Larger Dimensions in the Studio
SGHolland Oct 7 2017
Work on the easel.
These will eventually become LAB I and LAB II . Both of these full-sheet paintings (22x30") are fun to work on, and they and I have been changing daily.
The first notion with these was “dripping trees” since I began with running paint drips down from the top in a wet on wet wash. Then late at night I decided to work on the dry painting with horizontal lines. I’m using watercolor, pastel, charcoal and some thinned ground to bring up the light portions. I embedded salt in the wet wash that is the object in upper right quadrant, and am surprised to find it sparkling iridescently at me in certain lights. Salt make a great texture in a wet wash.
The design is loosely based on The Golden Ratio — recently seen quite often in weather reports of hurricanes as well as the familiar Nautilus Shell’s interior, and many other phenomenal designs. I did not measure, of course. (I apologize, dear Edward Povey.) But still… a spiral does encourage the eye to stay inside the frame of a painting, and so I used curves in places.
Leonardo was interested in the Golden ratio, and so might we take a look at how that natural shape is part of the natural world — with no help from a compass or human measuring devices. If it’s good enough for God, it should be very attractive to us!
Abstract art is, to my own way of thinking, pretty much the same matters of line, form, value, color, and technique. Whether it’s a rendering of a real object or person, or whether it’s the expression of an idea or mood or revelation that has no familiar shape.

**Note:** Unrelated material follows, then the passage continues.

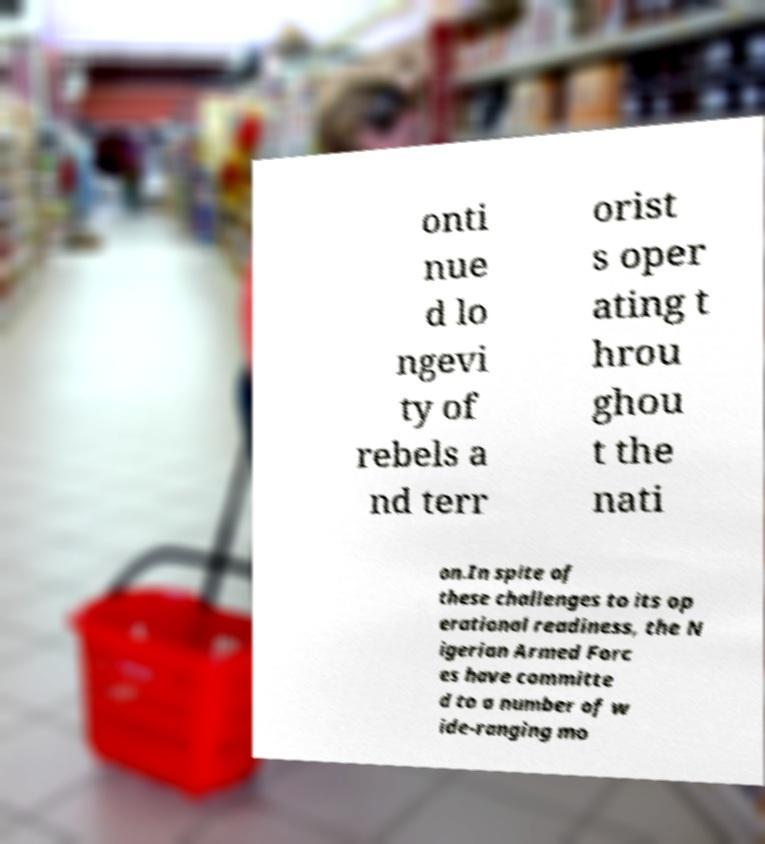I need the written content from this picture converted into text. Can you do that? onti nue d lo ngevi ty of rebels a nd terr orist s oper ating t hrou ghou t the nati on.In spite of these challenges to its op erational readiness, the N igerian Armed Forc es have committe d to a number of w ide-ranging mo

The Sketchbook series I recently did reminded me of how very related visual ways of expressing things are, simply because whatever I put in that book had the same challenges, really. Line, form, value, color, technique all lined up like steps no matter whether I was making an abstract expression of a shape or the expression of a real cat that says meow. As they said in art school, the model can be seen as a lump of clay.
My thanks to those who have enjoyed my ongoing art journeys of one kind or another — it is really so good to have people who will listen to me talk about something that has been a sort of drive all my life, and still is as stimulating as it was when I was splashing around with finger paints! (I still sometimes paint with my fingers.)